Dove va di solito adesso?

“Devo confessare che all’inizio avevo iniziato a frequentare Bolzano. A Firmiano, prima che Messner facesse il suo museo, c’ erano delle belle rocce. Una palestra. Era divisa tra tedeschi e italiani. Una volta ho sconfinato: e lei, che ci fa qui? Mi hanno detto. Ma era tutto bello”.

E ultimamente?

“Mi capita di voler tornare a salire montagne che ho già conosciuto. Succede che magari possa ritrovare un mio chiodo lasciato lì anni prima. Mi dicono che accade anche ad altri luoghi e a tante persone. Con gli anni ci si affeziona. Più che altro a noi come eravamo allora”.

Nel suo libro non cita la montagna che è dentro il racconto.

“Perché volevo che in tanti si riconoscessero nel percorso mentale e interiore più che in uno fisico”.

La dedica è anche per un “Jacopus”. Chi è?

“Un mio compagno di cordata, un amico fratero. Tra l’altro, un bolzanino, Roberto Iacopelli. La montagna, anche se non piange ne ride, è un percorso fondamentale di amicizia, di relazione, di scoperta degli altri”.

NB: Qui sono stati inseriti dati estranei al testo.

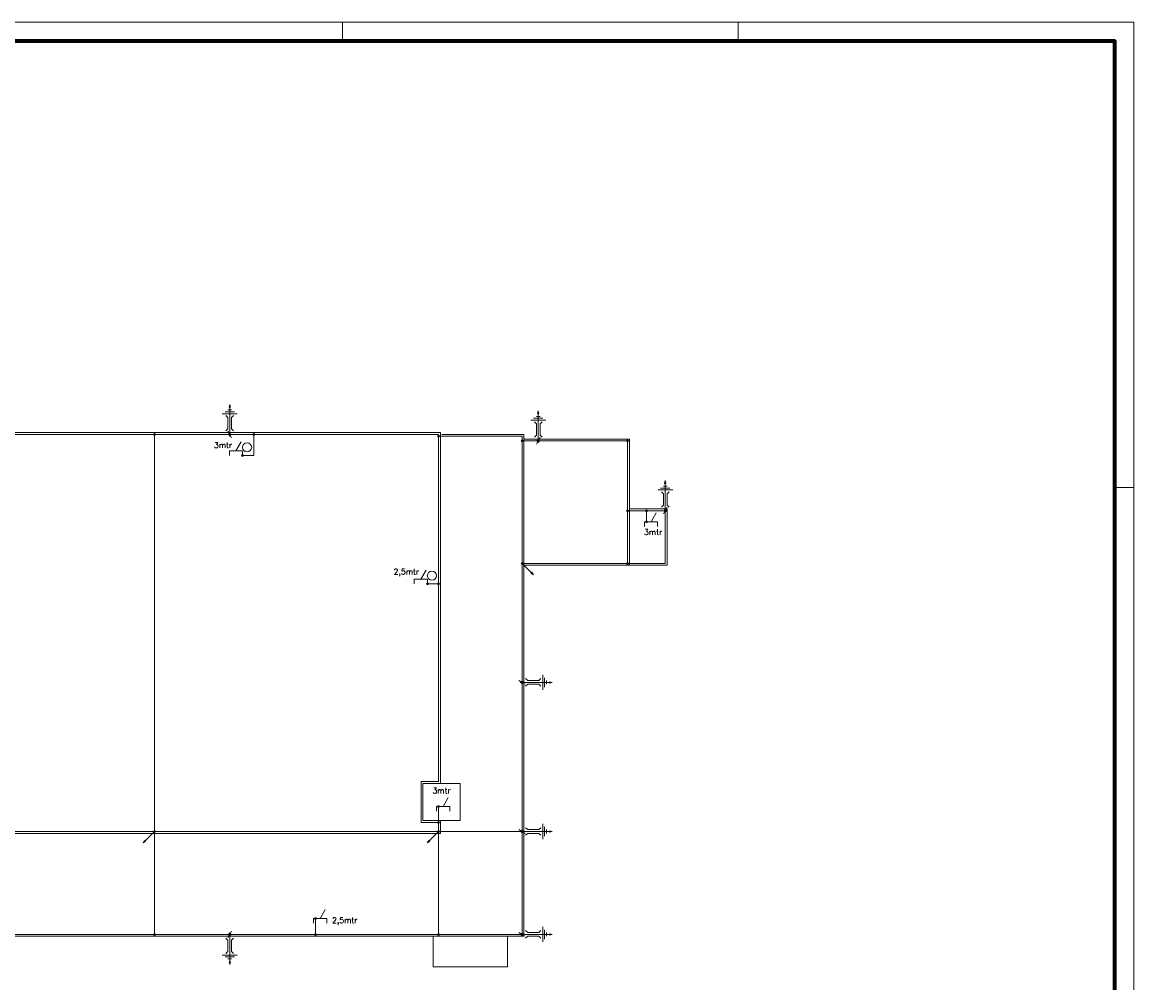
# Model space of a CAD drawing. Header units: millimetres. Extents: x -1609 to 2109, y 0 to 841.
# Tile 65 of 65: x 1519 to 2109, y 331 to 841. Entities that reach past the tile are written whole.
import ezdxf

# ---------------------------------------------------------------- set-up
doc = ezdxf.new("R2010")
doc.units = ezdxf.units.MM
for name, color, linetype, lineweight in [('a_Gebouw_0.20', 251, 'Continuous', 20), ('a_Tekst 25', 7, 'Continuous', 25), ('b_Aardelektrode', 10, 'Continuous', 18), ('b_Al_50mm²', 10, 'Continuous', 18), ('b_Cu_50mm²', 10, 'Continuous', 18), ('b_Spits', 10, 'Continuous', 18), ('b_Verbinding', 10, 'Continuous', 18)]:
    doc.layers.add(name, color=color, linetype=linetype, lineweight=lineweight)
doc.layers.add('RVB_ALG_TEKENBLAD_ALGEMEEN', color=2, linetype='Continuous')
doc.styles.get("Standard").update_dxf_attribs({"font": 'txt.shx'})

# ---------------------------------------------------------------- blocks, each defined once
blk = doc.blocks.new('LOSMEETKOPL')
at = {"color": 0, "linetype": 'Continuous'}
for p, q in [((0, 0), (-1, -1.73)), ((-0.5, 0.33), (-0.5, -0.33)), ((-0.3, 0.52), (-0.3, -0.52)), ((-0.1, 0.59), (-0.1, -0.59)), ((0, 0), (1, 1.73)), ((0.1, 0.59), (0.1, -0.59)), ((0.3, 0.52), (0.3, -0.52)), ((0.5, 0.33), (0.5, -0.33))]:
    blk.add_line(p, q, dxfattribs=at)
blk.add_circle((0, 0), 0.6, dxfattribs=at)
blk = doc.blocks.new('VAARDMEET13')
at = {"color": 0, "linetype": 'Continuous'}
for p, q in [((0, -5), (0, 12)), ((-1, 8), (-2, 9.07)), ((-1, 2), (-1, 8)), ((1, 8), (2, 9.07)), ((1, 2), (1, 8)), ((-4, 0), (4, 0)), ((-1, 2), (-2, 0.93)), ((1, 2), (2, 0.93)), ((-2.5, -1), (2.5, -1)), ((-1, -2), (1, -2)), ((-0.35, -3.5), (0.35, -3.5)), ((0, -5), (-0.35, -3.5)), ((-0.28, -3.55), (0.28, -3.55)), ((0, -4.77), (-0.28, -3.55)), ((-0.22, -3.61), (0.22, -3.61)), ((0, -4.54), (-0.22, -3.61)), ((-0.15, -3.66), (0.15, -3.66)), ((0, -4.32), (-0.15, -3.66)), ((-0.09, -3.71), (0.09, -3.71)), ((0, -4.09), (-0.09, -3.71)), ((-0.02, -3.76), (0.02, -3.76)), ((0, -3.86), (-0.02, -3.76)), ((0, -5), (0.35, -3.5)), ((0.28, -3.55), (0, -4.77)), ((0.22, -3.61), (0, -4.54)), ((0.15, -3.66), (0, -4.32)), ((0.09, -3.71), (0, -4.09)), ((0.02, -3.76), (0, -3.86))]:
    blk.add_line(p, q, dxfattribs=at)
at = {"linetype": 'Continuous'}
blk.add_blockref('LOSMEETKOPL', (0, 11), dxfattribs=at)
blk = doc.blocks.new('PIJL')
at = {"linetype": 'Continuous'}
for p, q in [((-425, -736), (0, 0)), ((-425, -736), (-380, -589)), ((-320, -624), (-380, -589)), ((-425, -736), (-320, -624)), ((-377, -597), (-414, -716)), ((-414, -716), (-328, -625)), ((-374, -605), (-402, -697)), ((-402, -697), (-337, -626)), ((-371, -612), (-391, -677)), ((-391, -677), (-345, -627)), ((-368, -620), (-379, -657)), ((-379, -657), (-353, -629)), ((-328, -625), (-377, -597)), ((-337, -626), (-374, -605)), ((-345, -627), (-371, -612)), ((-353, -629), (-368, -620)), ((-365, -627), (-368, -638)), ((-368, -638), (-361, -630)), ((-361, -630), (-365, -627))]:
    blk.add_line(p, q, dxfattribs=at)
blk = doc.blocks.new('A$C617B9A07')
at = {"layer": 'b_Verbinding'}
blk.add_hatch(color=256, dxfattribs=at).paths.add_polyline_path([(48, 1, 1), (-52, 1, 1)])
at = {"layer": 'b_Verbinding', "linetype": 'Continuous'}
blk.add_circle((-2, 1), 50, dxfattribs=at)
blk = doc.blocks.new('*U25')
at = {"color": 1, "linetype": 'Continuous', "lineweight": 18}
blk.add_lwpolyline([(-1609, 0), (0, 0), (0, 841), (-1609, 841)], close=True, dxfattribs=at)
at = {"color": 1, "linetype": 'Continuous', "lineweight": 18, "flags": 128}
for points in [[(-420, 841), (-420, 831)], [(-210, 841), (-210, 831)], [(-10, 594), (0, 594)]]:
    blk.add_lwpolyline(points, dxfattribs=at)
at = {"color": 5, "linetype": 'Continuous', "lineweight": 70}
blk.add_lwpolyline([(-1599, 10), (-10, 10), (-10, 831), (-1599, 831)], close=True, dxfattribs=at)

msp = doc.modelspace()

# ---------------------------------------------------------------- linework, layer by layer
at = {"layer": 'a_Gebouw_0.20'}
for p, q in [((1861.3, 582.63), (1841.3, 582.63)), ((1861.3, 552.63), (1861.3, 582.63)), ((1785.25, 552.63), (1841.3, 552.63)), ((1841.3, 552.63), (1861.3, 552.63))]:
    msp.add_line(p, q, dxfattribs=at)
for points in [[(1740.94, 436.83), (1740.94, 623.11), (1034.09, 623.11)], [(1115.04, 355.67), (1785.25, 355.67), (1785.25, 622.13), (1741.69, 622.13)], [(1785.25, 619.69), (1841.3, 619.69), (1841.3, 552.63)], [(1367.39, 410.29), (1740.94, 410.29), (1740.94, 417.14)], [(1737.1, 355.59), (1737.1, 339.39), (1776.49, 339.39), (1776.49, 355.67)]]:
    msp.add_lwpolyline(points, dxfattribs=at)
msp.add_lwpolyline([(1731.66, 417.14), (1731.66, 436.83), (1751.35, 436.83), (1751.35, 417.14)], close=True, dxfattribs=at)
for centre in [(1638.28, 615.26), (1736.42, 547.12)]:
    msp.add_circle(centre, 2.45, dxfattribs=at)
at = {"layer": 'b_Al_50mm²'}
for p, q in [((1589.09, 623.11), (1589.09, 356.67)), ((1641.79, 610.96), (1641.79, 622.11)), ((1635.9, 610.96), (1641.79, 610.96)), ((1860.3, 581.63), (1840.3, 581.63)), ((1850.3, 581.63), (1850.3, 575.74)), ((1850.3, 581.63), (1850.3, 577.91)), ((1860.3, 553.63), (1860.3, 581.63)), ((1784.25, 553.63), (1840.3, 553.63)), ((1840.3, 553.63), (1860.3, 553.63)), ((1734.04, 542.83), (1739.94, 542.83)), ((1739.94, 521.51), (1739.94, 529.97)), ((1739.94, 521.51), (1739.94, 527.8)), ((1739.94, 416.14), (1739.94, 424.6)), ((1739.94, 416.14), (1739.94, 422.43)), ((1739.94, 411.29), (1784.25, 411.29)), ((1739.94, 411.29), (1739.94, 356.67)), ((1674.62, 356.67), (1674.62, 365.12)), ((1674.62, 356.67), (1674.62, 362.96))]:
    msp.add_line(p, q, dxfattribs=at)
for points in [[(1739.94, 437.83), (1739.94, 622.11), (1035.09, 622.11)], [(1115.04, 356.67), (1784.25, 356.67), (1784.25, 621.13), (1739.94, 621.13)], [(1784.25, 618.69), (1840.3, 618.69), (1840.3, 553.63)], [(1739.94, 416.14), (1730.66, 416.14), (1730.66, 437.83), (1739.94, 437.83)], [(1367.39, 411.29), (1739.94, 411.29), (1739.94, 416.14)]]:
    msp.add_lwpolyline(points, dxfattribs=at)
at = {"layer": 'b_Spits', "linetype": 'Continuous'}
for p, q in [((1632.4, 613.46), (1635.15, 618.22)), ((1628.9, 613.46), (1635.9, 613.46)), ((1628.9, 610.96), (1628.9, 613.46)), ((1635.9, 610.96), (1635.9, 613.46)), ((1852.74, 575.74), (1855.49, 580.51)), ((1849.24, 573.24), (1849.24, 575.74)), ((1849.24, 575.74), (1856.24, 575.74)), ((1856.24, 573.24), (1856.24, 575.74)), ((1730.54, 545.33), (1733.29, 550.09)), ((1727.04, 542.83), (1727.04, 545.33)), ((1727.04, 545.33), (1734.04, 545.33)), ((1734.04, 542.83), (1734.04, 545.33)), ((1742.37, 424.6), (1745.12, 429.36)), ((1738.87, 424.6), (1745.87, 424.6)), ((1738.87, 422.1), (1738.87, 424.6)), ((1745.87, 422.1), (1745.87, 424.6)), ((1677.06, 365.12), (1679.81, 369.89)), ((1673.56, 362.62), (1673.56, 365.12)), ((1673.56, 365.12), (1680.56, 365.12)), ((1680.56, 362.62), (1680.56, 365.12))]:
    msp.add_line(p, q, dxfattribs=at)
at = {"layer": 'b_Verbinding', "linetype": 'Continuous'}
for centre in [(1589.09, 622.11), (1641.79, 622.11), (1739.94, 621.13), (1784.25, 618.69), (1840.3, 618.69), (1635.9, 610.96), (1850.3, 581.63), (1850.3, 575.74), (1784.25, 553.63), (1734.04, 542.83), (1739.94, 542.83), (1739.94, 424.6), (1739.94, 416.14), (1589.09, 411.29), (1739.94, 411.29), (1674.62, 365.12), (1589.09, 356.67), (1674.62, 356.67), (1739.94, 356.67)]:
    msp.add_circle(centre, 0.5, dxfattribs=at)

# ---------------------------------------------------------------- block references
at = {"layer": 'b_Aardelektrode', "xscale": -1, "rotation": 180}
msp.add_blockref('VAARDMEET13', (1629.09, 633.11), dxfattribs=at)
at = {"layer": 'b_Aardelektrode'}
for p, rotation in [((1792.86, 629.69), 180), ((1860.3, 592.63), 180), ((1795.25, 490.47), 90), ((1795.25, 411.29), 90), ((1795.25, 356.67), 90)]:
    msp.add_blockref('VAARDMEET13', p, dxfattribs=dict(at, rotation=rotation))
msp.add_blockref('VAARDMEET13', (1629.09, 345.67), dxfattribs=at)
at = {"layer": 'b_Cu_50mm²', "yscale": 0.009999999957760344, "zscale": 0.009999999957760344}
for p, xscale, rotation in [((1784.25, 553.63), -0.009999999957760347, 15.00000000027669), ((1589.09, 411.29), 0.009999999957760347, 344.9999999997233), ((1739.94, 411.29), 0.009999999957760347, 344.9999999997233)]:
    msp.add_blockref('PIJL', p, dxfattribs=dict(at, xscale=xscale, rotation=rotation))
at = {"layer": 'b_Verbinding', "xscale": 0.009999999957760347, "yscale": 0.009999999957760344, "zscale": 0.009999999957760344}
for p in [(1589.12, 622.1), (1641.82, 622.1), (1784.27, 618.68), (1840.33, 618.68), (1635.92, 610.95), (1840.33, 581.62), (1850.33, 581.62), (1850.33, 575.74), (1784.27, 553.62), (1840.33, 553.62), (1734.06, 542.82), (1739.96, 542.82), (1739.96, 424.59), (1739.96, 416.13), (1589.12, 411.29), (1739.96, 411.29)]:
    msp.add_blockref('A$C617B9A07', p, dxfattribs=at)
at = {"layer": 'RVB_ALG_TEKENBLAD_ALGEMEEN', "transparency": 16777216}
msp.add_blockref('*U25', (2109, 0), dxfattribs=at)

# ---------------------------------------------------------------- texts
at = {"layer": 'a_Tekst 25', "linetype": 'Continuous', "char_height": 3, "width": 20.5, "attachment_point": 1}
for s, insert in [('3mtr', (1620.73, 617.93)), ('3mtr', (1849.01, 571.77)), ('2,5mtr', (1716.09, 550.78)), ('3mtr', (1736.73, 434.52)), ('2,5mtr', (1683.4, 365.67))]:
    msp.add_mtext(s, dxfattribs=dict(at, insert=insert))

doc.saveas('drawing.dxf')

Sembra che lei abbia scritto un diario di bordo applicabile a tanti terreni, non solo alla montagna. È così?

“Bene. Era quello che volevo. Per dirne un’altra, il libro non è legato e non è percorso dal lessico alpinistico. Non volevo parlare di tecniche, di metodi o di gradi. Ma di un viaggio che altri potrebbero fare sul mare, o altrove”.

Quando dice che non conta tanto la cima ma il viaggio sembra riecheggiare parabole buddiste.

“Evidentemente non sono stato dieci anni in Nepal invano. Ma non sono buddista”.

Il bello della montagna dunque?

“Che ci vai su per vedere quello che ci sta dietro. Io ho preso infinite “ombre” nelle osterie con Hugo Pratt, l’inventore di Corto Maltese. I veneziani sono evidentemente così: cercano altro e l’altrove. Probabilmente anche i primi veneziani che fondarono la sezione Cai e vedevano le montagne da lontano avranno pensato di andarci per vedere che cosa ci fosse oltre…”.